Speculation is rife as to whether Israel will proceed with the originally envisioned plan or with an "annexation light" in the occupied West Bank.
The opaque situation has left young Palestinian millennials like Salem Barahmeh in the West Bank city of Ramallah utterly frustrated. "I come from the Oslo generation, we were promised a state and never got one," says Barahmeh, executive director of the Palestine Institute for Public Diplomacy, an independent NGO in Ramallah. "We are extremely frustrated and angry, but we are also disappointed that the world hasn't been listening to us: the land has been settled for very long and you have done nothing about it."
Israel's Prime Minister Benjamin Netanyahu, emboldened by the US Mideast plan released in January, has vowed to annex the Jordan Valley in addition to 135 settlements that are already considered illegal by the international community — an estimated 30% of the occupied West Bank. Now, the Israeli government is reportedly considering annexing several other settlements first, such as Maale Adumim, near Jerusalem and the settlement bloc of Gush Etzion, which comprises several smaller settlements in the southern West Bank.
"We are facing a rather monumental moment in the region," said Nickolay Mladenov, the UN special coordinator for the Middle East peace process, in remarks to foreign media in Jerusalem last week. He warned that the unilateral move would contradict international law and several United Nations Security Council resolutions. The move would also jeopardize the long sought two-state solution.

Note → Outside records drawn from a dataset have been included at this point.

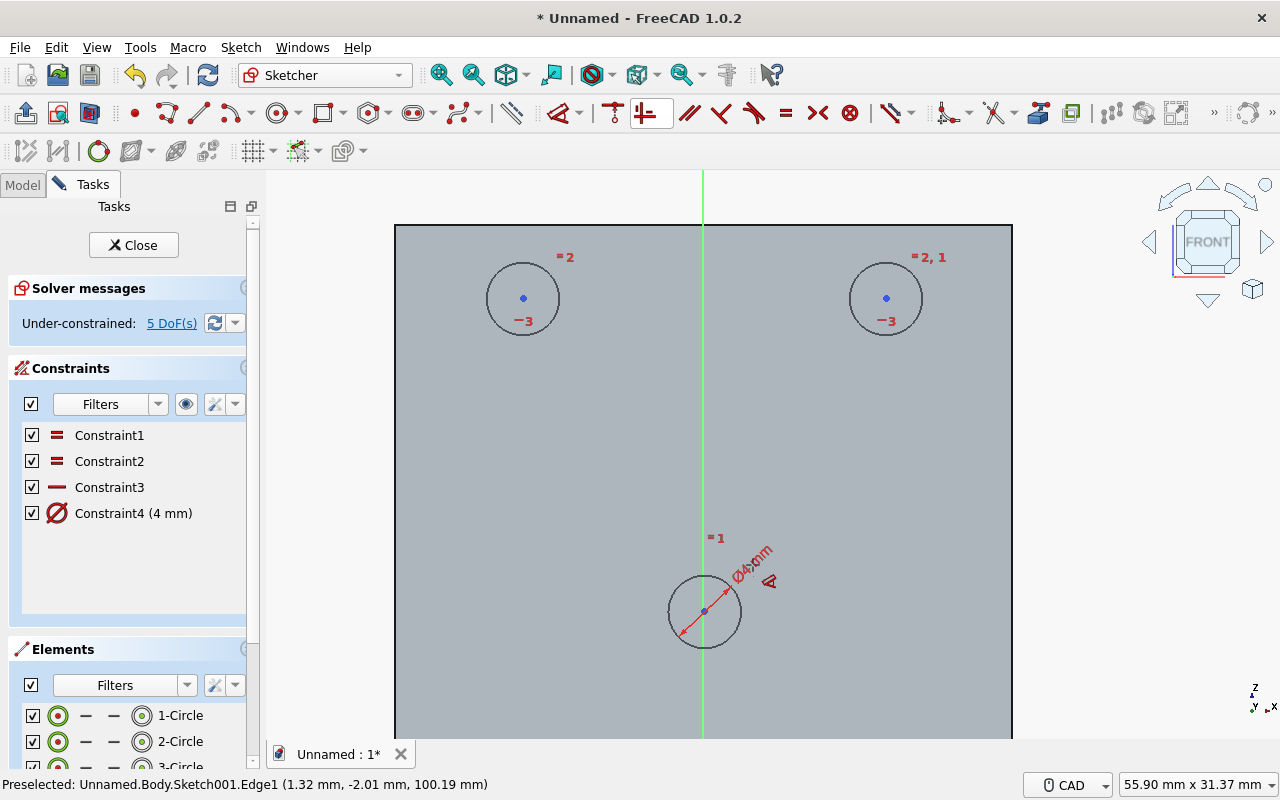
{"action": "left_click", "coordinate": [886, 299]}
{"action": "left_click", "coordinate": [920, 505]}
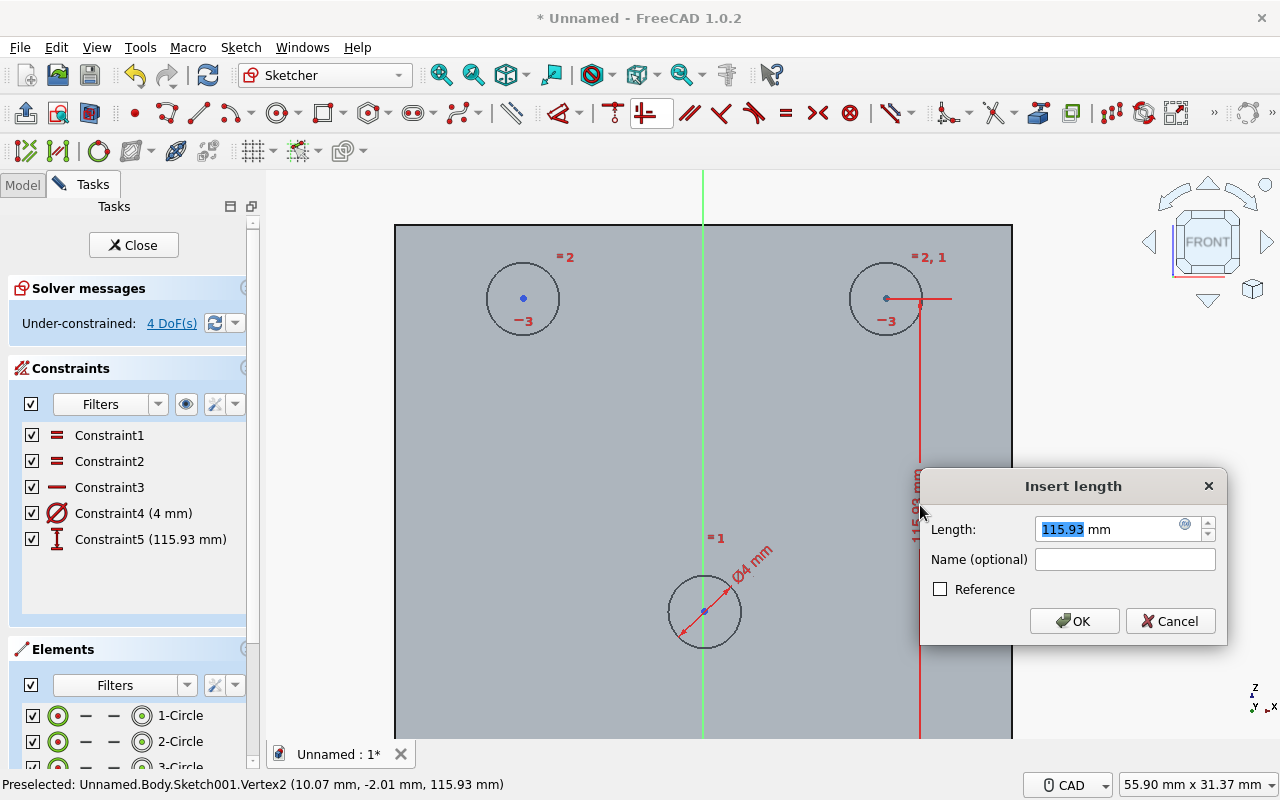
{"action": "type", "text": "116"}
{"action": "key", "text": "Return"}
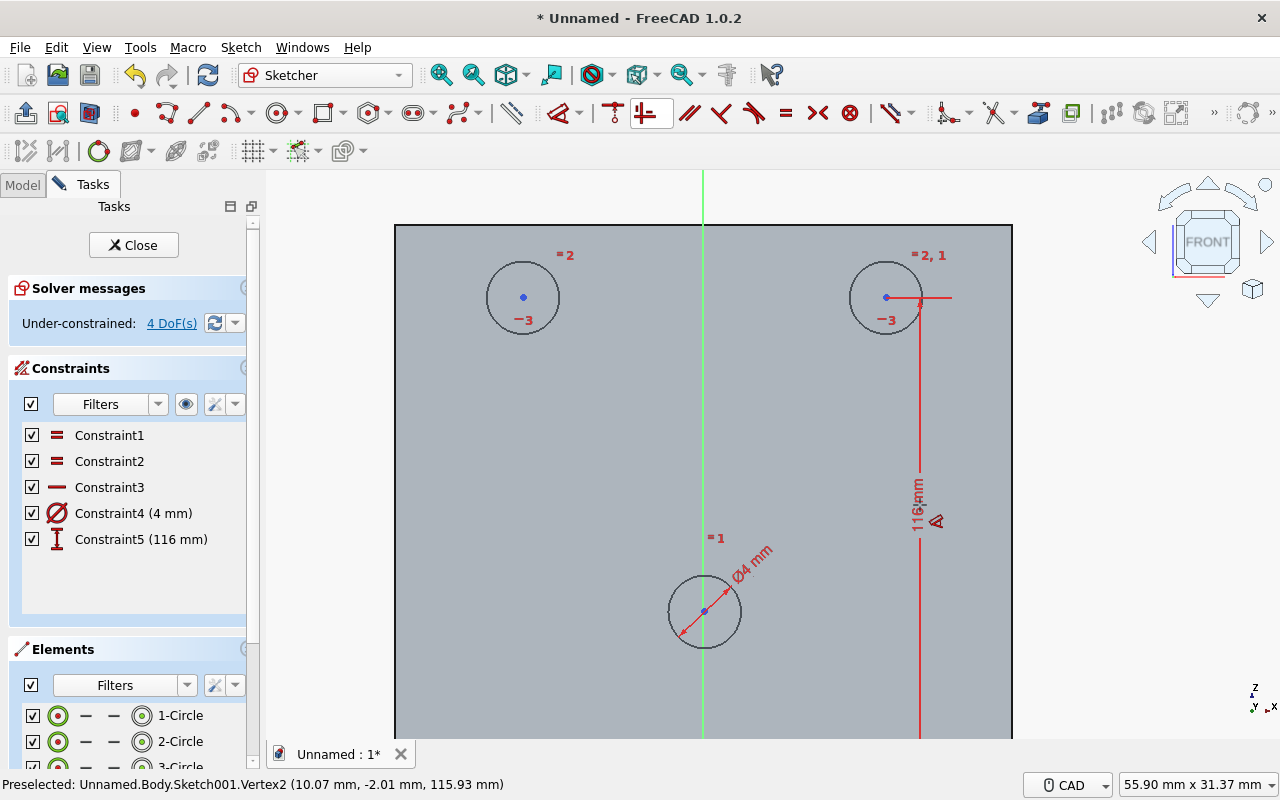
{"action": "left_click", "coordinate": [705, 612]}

A recent survey by the Jerusalem Media and Communication Center and the German Friedrich Ebert-Foundation showed that around 45% of Palestinians believe that annexation would not leave any chance for a two-state solution. Salem Barahmeh also highlighted current threats to a two-state solution. The Palestinian Authority (PA) administers only 18% of the territory, while Israel maintains overall control. "Israel controls the movement, the water, the utilities and enters towns and villages every night to arrest people. At the moment, we live under a one state reality, where Israel controls everybody between the river and the sea," he added.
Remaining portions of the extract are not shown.